MythTV Tweaks

After using and tinkering with MythTV for over a year, a small pile of adjustments have stacked up that have been made to both the backend and the frontend that have improved performance. These can’t be listed as must have’s, but they definitely are good to have. Some of these may seem obvious, but not everyone sees things the same way.

1 Store Your Recordings on a Separate Drive (or drives)

The installation of mythtv recommends storing your recordings on a separate partition from the rest of the operating system. This is done to insulate the recordings files from the key operating system files, and, in general, it is a Best Practice. However, for optimal performance, this should be taken a step further: Set up a separate drive or drives to hold your recordings. This will separate all of the disk interaction between the OS and its related files from mythtv and its recordings. The result will be a smoother end user experience.

An internal SATA drive is probably the best and least expensive solution. An external SATA drive is good, too, but more expensive. A PATA drive would work well, but it is best to keep that drive on a different controller than the drive that your OS is on.

2 Reduce The Size Of Your Guide

By default, MythTV will collect 14 days of guide data to get information about future shows. This is actually great for searching for shows, and performing other user-related options, but it can wreak havoc on the system performance. A dead give-away is in th mythbackend.log file:

2007-12-23 09:31:54.099 Scheduled 871 items in 12.4 = 0.20 match + 12.17 place

If the scheduled items creeps up too high (typically greater than 700), then your system is working pretty heavily to schedule a lot of shows based upon the 14 days of guide data. This can cause the database to become rather large and slow down all database queries, which, in turn, slows down the end user experience.

A happy medium is reducing the number of days of guide data from 14 to 9.

3 Optimize the IVTV Paramaters

The default kernel parameters for the IVTV based cards do not take advantage of the buffers on the cards. This means that you will see a lot of logged error messages referring to “application not reading fast enough”. This could result in choppy recorded video which is a Bad Thing(tm).

options ivtv enc_yuv_buffers=8 enc_mpg_buffers=32 enc_vbi_buffers=8 enc_pcm_buffers=8

4 Know Your Hardware

One of the largest problems is that the underlying nature of MythTV is to take full use of the hardware it has at hand. One cannot help but try to squeeze everything (and more) out of their hardware. However, keep in mind that if you have a single processor frontend/backend system, you don’t want to be recording too many shows at any one time or running too many concurrent commercial flagging processes because the single processor just cannot handle it.

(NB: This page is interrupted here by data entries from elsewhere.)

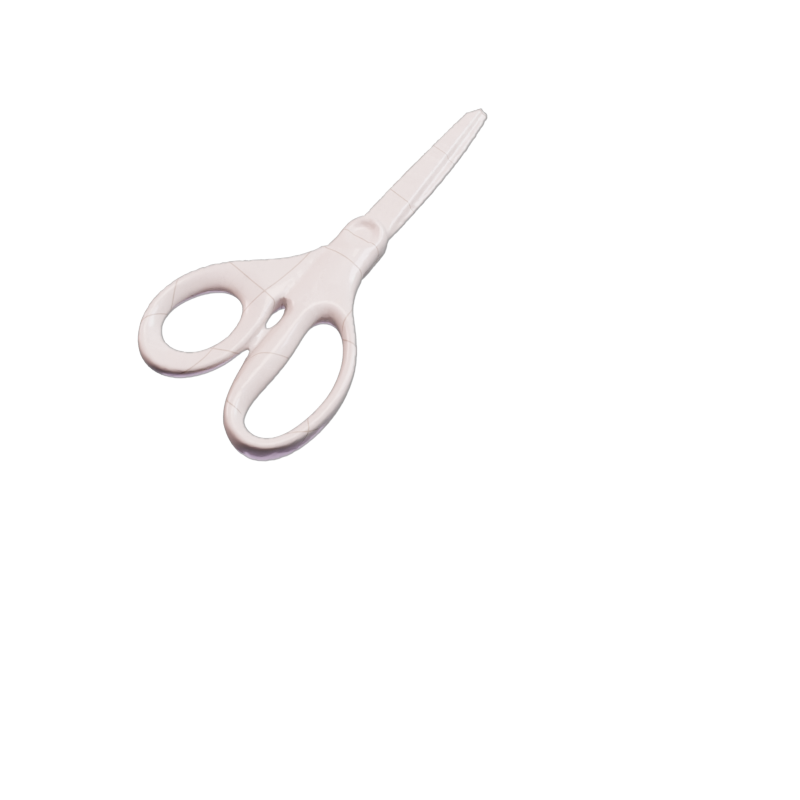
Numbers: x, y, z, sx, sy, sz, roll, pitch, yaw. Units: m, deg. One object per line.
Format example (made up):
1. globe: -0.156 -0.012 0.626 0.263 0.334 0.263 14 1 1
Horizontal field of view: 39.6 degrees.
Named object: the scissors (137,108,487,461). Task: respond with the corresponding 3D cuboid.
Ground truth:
1. scissors: -0.036 -0.066 0.465 0.098 0.211 0.015 15 -35 11

The most optimal set up is to have a fully networked frontend/backend system:

  • Have a frontend (client) system for each television in the house. It is probably best to have these as identical systems with minimal hardware requirements since they will only be acting as display systems.
    • NFS mounting of videos, mp3’s, photos, etc.
  • Have a backend (server) system stowed away in a closet. This will be the system that you will end up beefing up. A dual-processor system is recommended since it will be performing all of the work (recording, streaming to the frontend processes, commercial flagging, etc).
    • SATA storage for recordings
    • Separate storage for video, mp3s, photos, etc.
  • 100MB networking from the backend system to each of the frontend systems.

By having the same frontend systems, if you ever have a failure of a frontend, you can always easily shuffle them around while you repair or replace the failed components.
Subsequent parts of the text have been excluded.